§ Task to complete: Starting with the line that contains "8. cardboard box (0, 0, 420, 374)" and stopping after the line that contains "16. sign (432, 0, 496, 201)", copy the entries below exactly. Include nothing else.

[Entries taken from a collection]
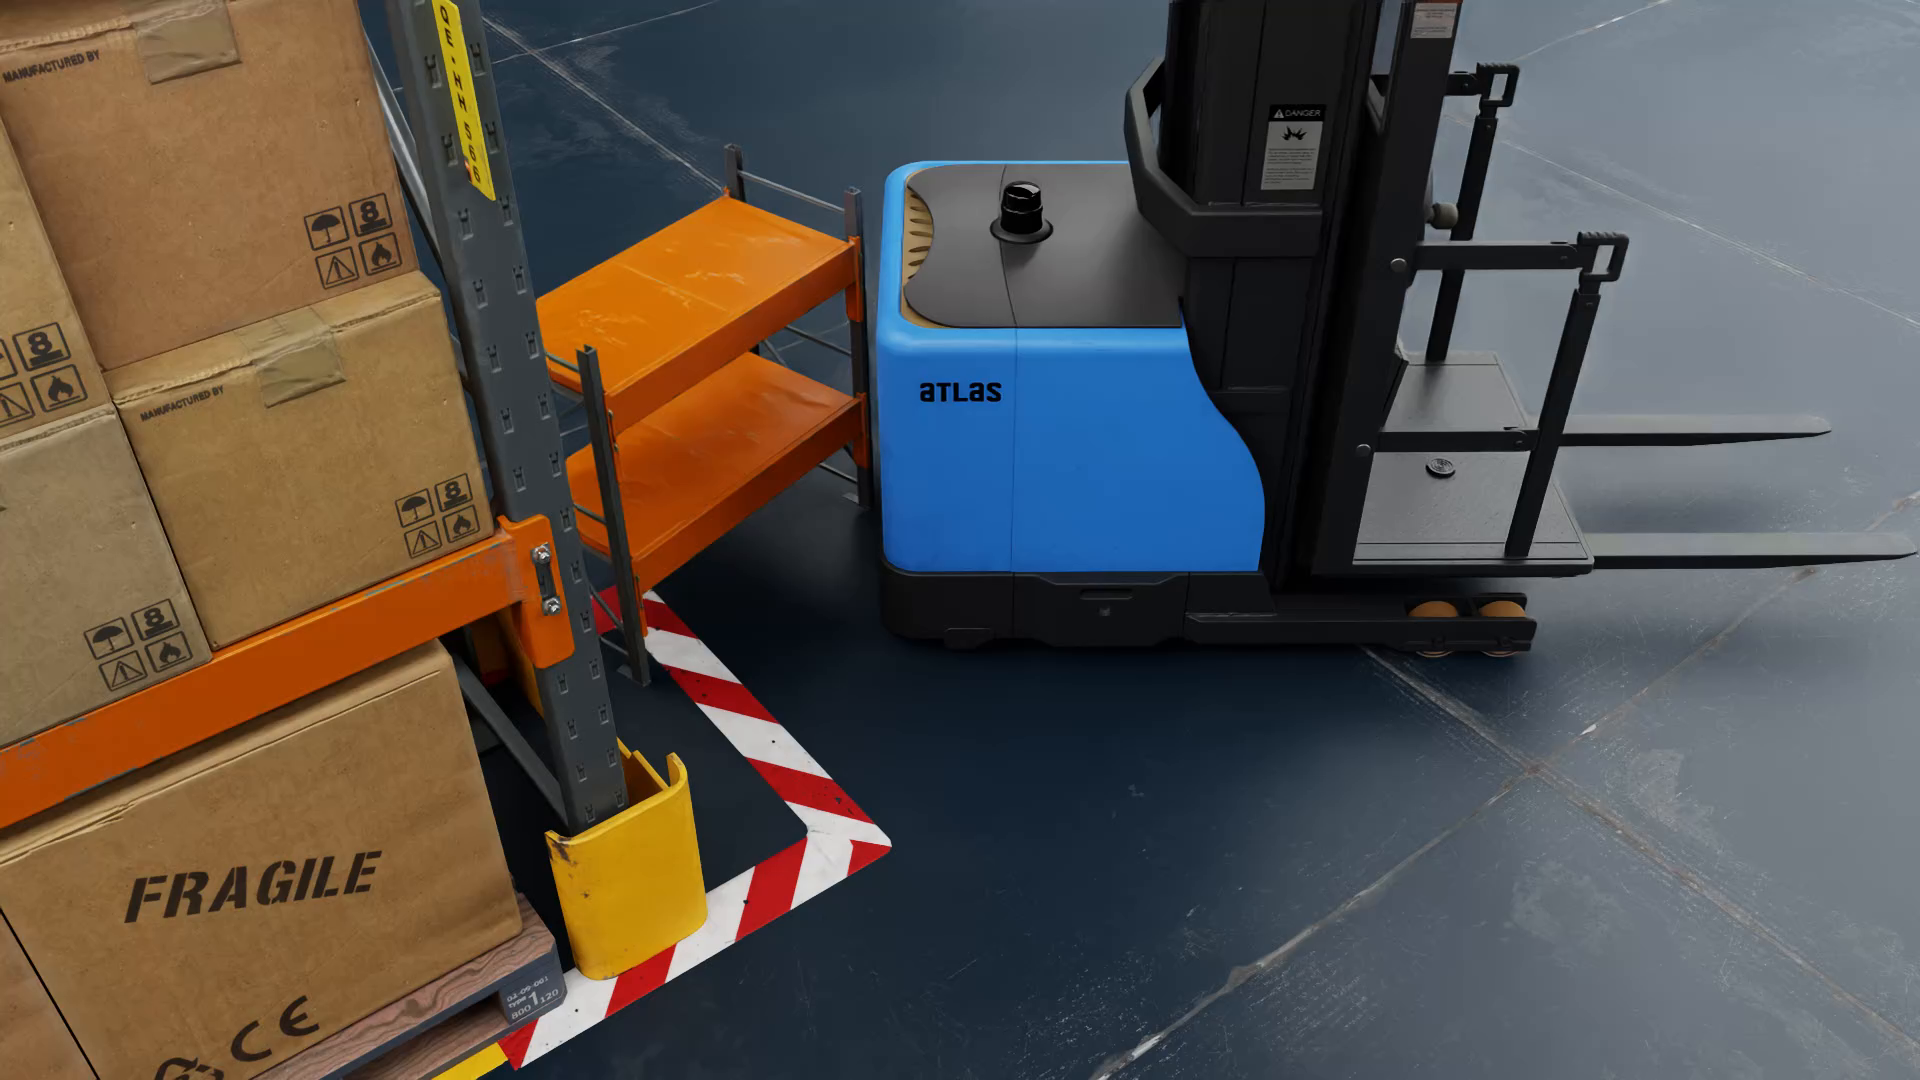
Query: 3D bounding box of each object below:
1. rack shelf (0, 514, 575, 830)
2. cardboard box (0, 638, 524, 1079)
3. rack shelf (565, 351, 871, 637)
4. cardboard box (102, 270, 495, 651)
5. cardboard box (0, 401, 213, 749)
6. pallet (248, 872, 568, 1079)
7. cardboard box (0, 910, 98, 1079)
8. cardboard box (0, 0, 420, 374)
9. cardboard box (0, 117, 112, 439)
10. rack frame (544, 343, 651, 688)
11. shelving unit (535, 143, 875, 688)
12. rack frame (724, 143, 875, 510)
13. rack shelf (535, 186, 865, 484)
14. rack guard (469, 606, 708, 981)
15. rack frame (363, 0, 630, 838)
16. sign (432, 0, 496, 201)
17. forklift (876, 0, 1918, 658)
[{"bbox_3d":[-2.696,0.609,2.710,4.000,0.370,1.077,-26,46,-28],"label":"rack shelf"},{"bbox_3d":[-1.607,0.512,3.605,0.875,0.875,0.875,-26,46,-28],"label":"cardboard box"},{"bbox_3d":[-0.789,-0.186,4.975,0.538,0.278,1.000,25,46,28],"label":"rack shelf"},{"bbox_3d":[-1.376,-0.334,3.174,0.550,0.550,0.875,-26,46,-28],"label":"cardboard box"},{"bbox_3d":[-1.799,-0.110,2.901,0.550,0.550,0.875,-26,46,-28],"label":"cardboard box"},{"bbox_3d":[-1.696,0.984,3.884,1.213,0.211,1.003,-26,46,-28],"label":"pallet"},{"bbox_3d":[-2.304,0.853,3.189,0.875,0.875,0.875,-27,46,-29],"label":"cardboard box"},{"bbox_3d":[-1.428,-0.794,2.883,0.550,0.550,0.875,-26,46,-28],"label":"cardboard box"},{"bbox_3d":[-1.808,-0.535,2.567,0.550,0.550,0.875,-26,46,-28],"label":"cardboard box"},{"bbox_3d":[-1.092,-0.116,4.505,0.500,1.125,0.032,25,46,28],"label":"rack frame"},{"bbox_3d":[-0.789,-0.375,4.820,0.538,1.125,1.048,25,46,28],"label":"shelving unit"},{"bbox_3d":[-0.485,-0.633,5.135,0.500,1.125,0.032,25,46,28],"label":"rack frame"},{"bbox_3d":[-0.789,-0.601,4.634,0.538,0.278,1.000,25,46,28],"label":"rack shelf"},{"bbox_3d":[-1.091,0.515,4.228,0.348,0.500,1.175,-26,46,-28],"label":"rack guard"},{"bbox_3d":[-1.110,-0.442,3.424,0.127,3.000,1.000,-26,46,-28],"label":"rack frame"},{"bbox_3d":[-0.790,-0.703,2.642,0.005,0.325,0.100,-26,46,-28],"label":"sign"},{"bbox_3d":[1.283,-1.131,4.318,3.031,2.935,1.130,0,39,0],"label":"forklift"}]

§ Problem solution:
8. cardboard box (0, 0, 420, 374)
9. cardboard box (0, 117, 112, 439)
10. rack frame (544, 343, 651, 688)
11. shelving unit (535, 143, 875, 688)
12. rack frame (724, 143, 875, 510)
13. rack shelf (535, 186, 865, 484)
14. rack guard (469, 606, 708, 981)
15. rack frame (363, 0, 630, 838)
16. sign (432, 0, 496, 201)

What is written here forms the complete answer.